▽

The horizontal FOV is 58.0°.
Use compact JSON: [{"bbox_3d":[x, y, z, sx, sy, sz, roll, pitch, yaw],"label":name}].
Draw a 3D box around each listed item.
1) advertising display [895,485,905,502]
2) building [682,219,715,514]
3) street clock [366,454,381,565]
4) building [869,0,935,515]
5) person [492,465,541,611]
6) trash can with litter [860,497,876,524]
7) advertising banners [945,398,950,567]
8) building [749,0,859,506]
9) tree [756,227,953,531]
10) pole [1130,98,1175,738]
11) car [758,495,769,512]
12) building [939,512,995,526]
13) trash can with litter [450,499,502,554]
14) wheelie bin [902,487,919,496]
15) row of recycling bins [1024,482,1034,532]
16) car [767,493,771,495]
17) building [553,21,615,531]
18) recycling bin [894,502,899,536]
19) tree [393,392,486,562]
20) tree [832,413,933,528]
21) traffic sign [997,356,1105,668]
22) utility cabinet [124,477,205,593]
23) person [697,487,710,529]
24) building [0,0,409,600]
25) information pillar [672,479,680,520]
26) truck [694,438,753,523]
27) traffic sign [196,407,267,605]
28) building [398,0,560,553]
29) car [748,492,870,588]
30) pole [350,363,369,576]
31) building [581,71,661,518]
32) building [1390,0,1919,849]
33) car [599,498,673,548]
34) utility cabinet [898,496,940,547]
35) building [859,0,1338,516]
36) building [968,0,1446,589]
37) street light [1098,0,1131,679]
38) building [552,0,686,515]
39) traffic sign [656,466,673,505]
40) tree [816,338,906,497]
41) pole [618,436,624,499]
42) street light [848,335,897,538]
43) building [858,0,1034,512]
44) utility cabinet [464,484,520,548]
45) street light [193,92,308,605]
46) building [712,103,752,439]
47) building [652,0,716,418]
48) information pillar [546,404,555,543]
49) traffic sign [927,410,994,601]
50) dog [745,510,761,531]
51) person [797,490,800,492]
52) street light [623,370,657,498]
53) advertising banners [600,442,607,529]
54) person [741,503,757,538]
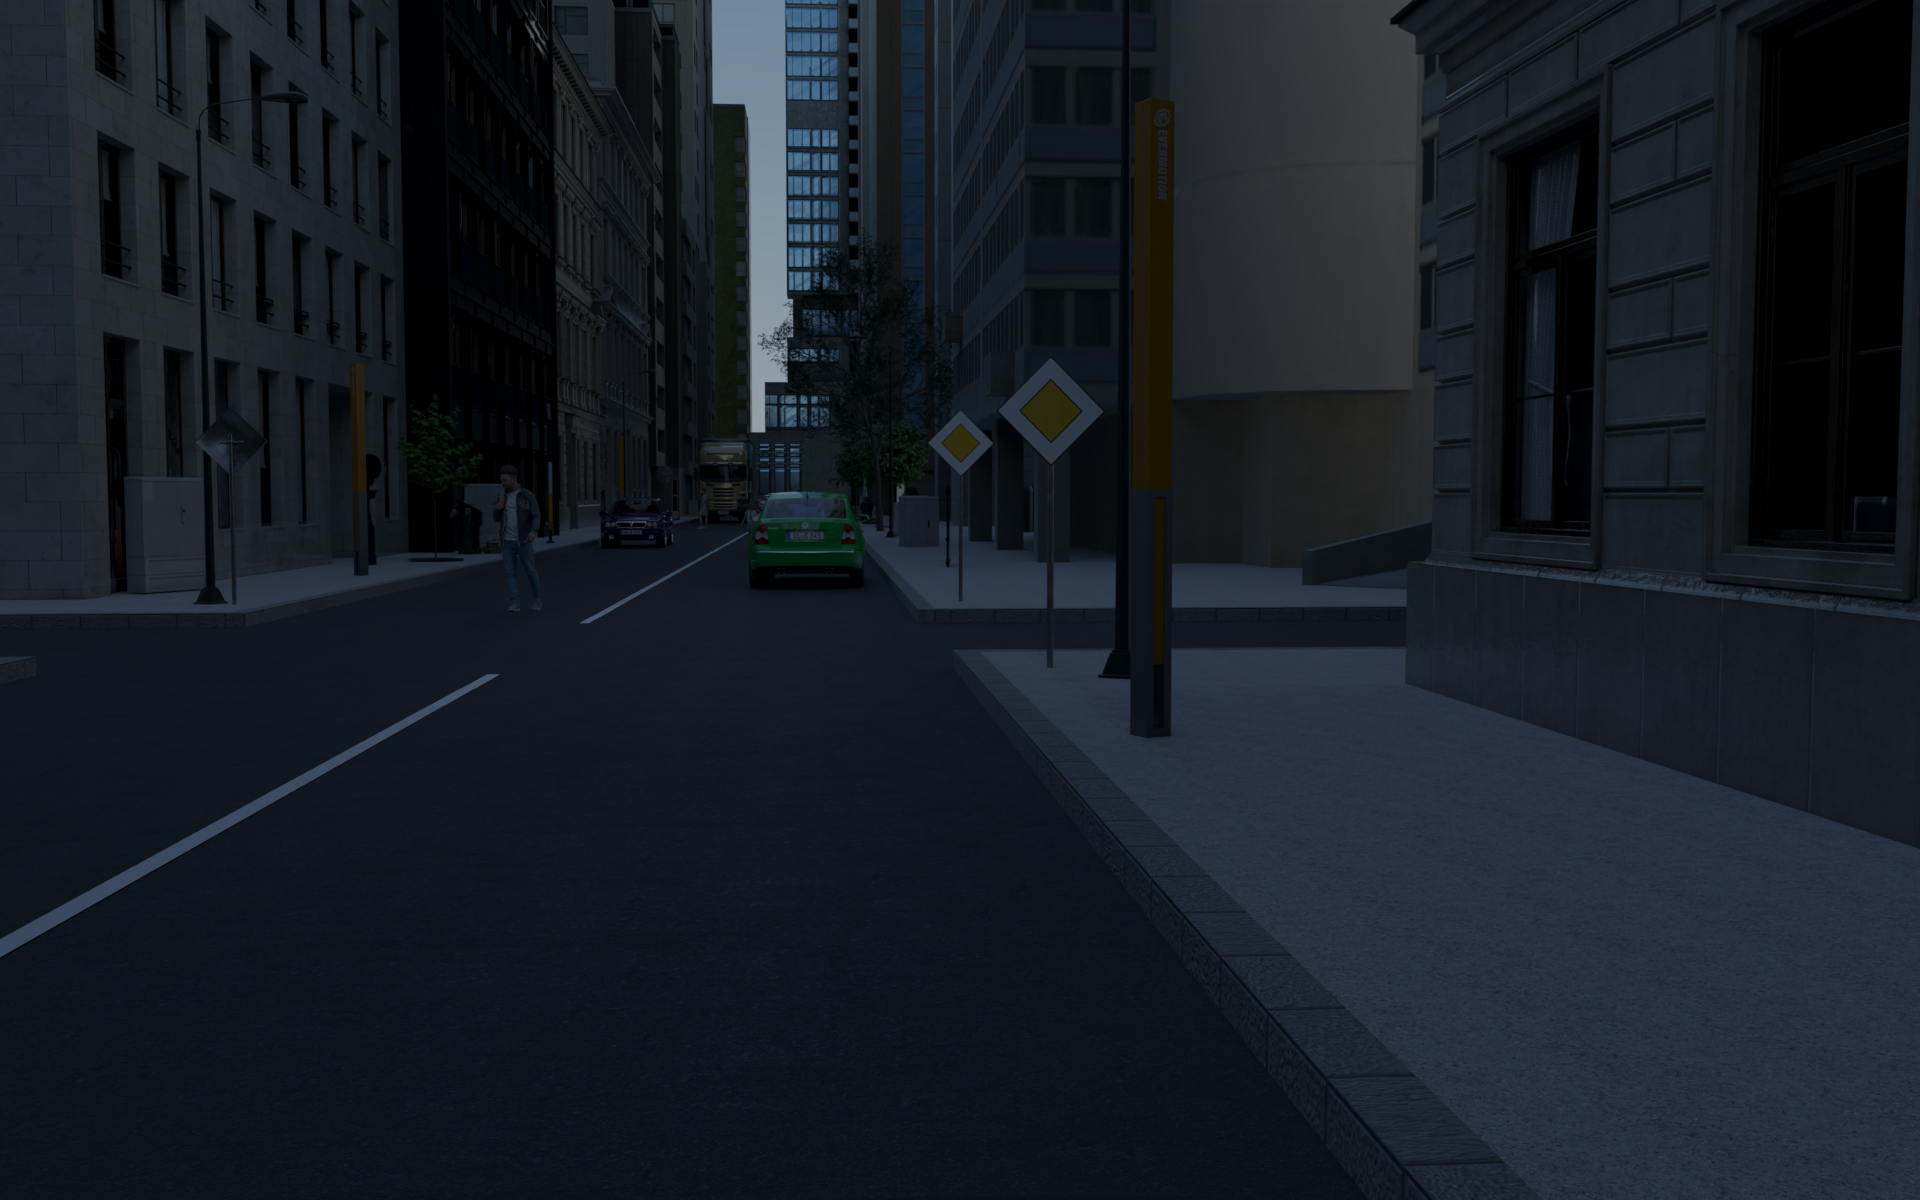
[{"bbox_3d":[-3.247,-5.399,93.491,0.123,1.923,0.974,2,4,24],"label":"advertising display"},{"bbox_3d":[-32.126,-16.951,122.190,27.650,21.520,28.899,0,4,-5],"label":"building"},{"bbox_3d":[-10.671,-1.629,31.210,0.358,2.002,0.471,2,4,30],"label":"street clock"},{"bbox_3d":[1.365,-28.133,110.086,14.600,45.320,14.200,0,4,-5],"label":"building"},{"bbox_3d":[-5.435,-0.757,21.224,0.623,1.781,0.721,0,4,-3],"label":"person"},{"bbox_3d":[-3.813,-3.834,74.073,0.624,1.170,1.055,-3,5,-39],"label":"trash can with litter"},{"bbox_3d":[-0.212,-2.144,31.240,0.090,3.025,2.074,0,4,0],"label":"advertising banners"},{"bbox_3d":[-7.301,-53.647,189.800,31.000,86.520,22.319,0,4,-5],"label":"building"},{"bbox_3d":[-2.783,-7.683,60.034,8.767,10.594,7.601,0,4,-7],"label":"tree"},{"bbox_3d":[1.012,-0.933,9.105,0.158,3.312,0.155,0,3,0],"label":"pole"},{"bbox_3d":[-15.280,-7.813,140.109,2.083,1.381,4.827,0,4,-5],"label":"car"},{"bbox_3d":[9.273,-33.011,81.735,21.231,58.520,28.212,0,4,-5],"label":"building"},{"bbox_3d":[-10.332,-1.574,37.128,1.055,1.170,0.624,-3,5,-40],"label":"trash can with litter"},{"bbox_3d":[-2.376,-4.581,82.807,0.980,1.594,0.693,-3,5,-39],"label":"wheelie bin"},{"bbox_3d":[2.828,-3.195,59.350,1.069,1.692,3.534,3,4,38],"label":"row of recycling bins"},{"bbox_3d":[-15.846,-8.427,147.374,1.945,1.707,3.694,0,4,-4],"label":"car"},{"bbox_3d":[-18.764,-12.082,62.165,10.561,19.102,19.286,0,4,-5],"label":"building"},{"bbox_3d":[-1.627,-2.467,52.887,0.722,1.027,0.722,0,4,6],"label":"recycling bin"},{"bbox_3d":[-9.899,-2.354,33.084,1.663,3.219,1.824,0,3,0],"label":"tree"},{"bbox_3d":[-2.558,-5.081,66.782,4.285,4.588,4.351,0,3,0],"label":"tree"},{"bbox_3d":[0.662,-0.556,12.738,0.795,2.450,0.064,0,4,-5],"label":"traffic sign"},{"bbox_3d":[-10.334,-0.854,22.649,0.318,1.500,1.173,1,4,18],"label":"utility cabinet"},{"bbox_3d":[-10.503,-3.763,71.033,0.522,1.701,0.512,0,4,4],"label":"person"},{"bbox_3d":[-16.499,-10.618,28.356,10.420,20.320,16.860,0,4,-5],"label":"building"},{"bbox_3d":[-13.857,-4.890,84.447,0.304,2.012,0.304,0,4,5],"label":"information pillar"},{"bbox_3d":[-11.984,-6.122,89.011,2.839,4.237,11.283,0,4,-6],"label":"truck"},{"bbox_3d":[-8.412,-1.002,20.025,0.795,2.450,0.064,0,4,-5],"label":"traffic sign"},{"bbox_3d":[-17.867,-13.140,44.522,12.332,23.373,15.834,0,4,-5],"label":"building"},{"bbox_3d":[-2.429,-1.172,27.956,1.959,1.807,4.718,0,4,-3],"label":"car"},{"bbox_3d":[-9.425,-2.038,27.164,0.158,3.312,0.155,0,3,0],"label":"pole"},{"bbox_3d":[-20.897,-15.044,82.132,11.583,22.565,21.152,0,4,-5],"label":"building"},{"bbox_3d":[8.452,-8.433,2.512,10.561,19.102,19.286,0,4,-5],"label":"building"},{"bbox_3d":[-8.832,-2.134,47.467,1.945,1.354,3.894,0,4,-5],"label":"car"},{"bbox_3d":[-0.997,-1.911,42.404,1.020,1.237,0.306,-2,4,-35],"label":"utility cabinet"},{"bbox_3d":[8.672,-26.794,129.967,32.217,40.220,23.993,0,4,-5],"label":"building"},{"bbox_3d":[12.142,-21.159,37.836,23.993,40.220,32.217,0,4,-5],"label":"building"},{"bbox_3d":[0.602,-2.409,11.935,1.470,5.913,1.316,0,4,-5],"label":"street light"},{"bbox_3d":[-23.770,-20.145,101.068,14.160,30.474,14.107,0,4,-5],"label":"building"},{"bbox_3d":[-13.266,-4.747,77.715,0.768,2.556,0.104,0,4,-1],"label":"traffic sign"},{"bbox_3d":[-4.490,-7.928,79.987,4.360,8.622,3.978,0,3,0],"label":"tree"},{"bbox_3d":[-11.868,-4.086,60.653,0.158,3.312,0.155,0,3,0],"label":"pole"},{"bbox_3d":[-2.572,-4.784,50.765,1.470,5.913,1.316,0,4,-5],"label":"street light"},{"bbox_3d":[1.322,-37.569,156.256,21.231,58.520,28.212,0,4,-5],"label":"building"},{"bbox_3d":[-10.343,-1.814,38.331,1.173,1.500,0.318,0,4,7],"label":"utility cabinet"},{"bbox_3d":[-8.224,-2.910,20.116,1.470,5.913,1.316,0,4,-5],"label":"street light"},{"bbox_3d":[-29.373,-30.639,184.548,14.086,41.232,14.154,0,4,-5],"label":"building"},{"bbox_3d":[-35.588,-34.487,153.098,27.495,52.752,28.713,0,4,-5],"label":"building"},{"bbox_3d":[-10.670,-3.284,45.040,0.183,3.616,0.504,-1,4,-17],"label":"information pillar"},{"bbox_3d":[0.006,-1.043,20.696,0.795,2.450,0.064,0,4,-5],"label":"traffic sign"},{"bbox_3d":[-8.160,-3.088,67.320,0.800,0.831,0.513,1,4,9],"label":"dog"},{"bbox_3d":[-10.754,-6.527,116.016,0.445,1.727,0.742,3,5,41],"label":"person"},{"bbox_3d":[-12.024,-5.648,64.878,1.470,5.913,1.316,0,4,-5],"label":"street light"},{"bbox_3d":[-12.264,-3.877,59.575,0.090,3.025,2.074,-1,4,-16],"label":"advertising banners"},{"bbox_3d":[-5.429,-1.905,44.654,0.505,1.210,0.382,1,4,17],"label":"person"}]

△

DIRECTIONS FOR THIS TASK
Retype only the stretch of lines above starting at the one with "6) trash can with litter [860,497,876,524]" and stopping at the one with "34) utility cabinet [898,496,940,547]", exactly as written, with both kept.

TASK ANSWER
6) trash can with litter [860,497,876,524]
7) advertising banners [945,398,950,567]
8) building [749,0,859,506]
9) tree [756,227,953,531]
10) pole [1130,98,1175,738]
11) car [758,495,769,512]
12) building [939,512,995,526]
13) trash can with litter [450,499,502,554]
14) wheelie bin [902,487,919,496]
15) row of recycling bins [1024,482,1034,532]
16) car [767,493,771,495]
17) building [553,21,615,531]
18) recycling bin [894,502,899,536]
19) tree [393,392,486,562]
20) tree [832,413,933,528]
21) traffic sign [997,356,1105,668]
22) utility cabinet [124,477,205,593]
23) person [697,487,710,529]
24) building [0,0,409,600]
25) information pillar [672,479,680,520]
26) truck [694,438,753,523]
27) traffic sign [196,407,267,605]
28) building [398,0,560,553]
29) car [748,492,870,588]
30) pole [350,363,369,576]
31) building [581,71,661,518]
32) building [1390,0,1919,849]
33) car [599,498,673,548]
34) utility cabinet [898,496,940,547]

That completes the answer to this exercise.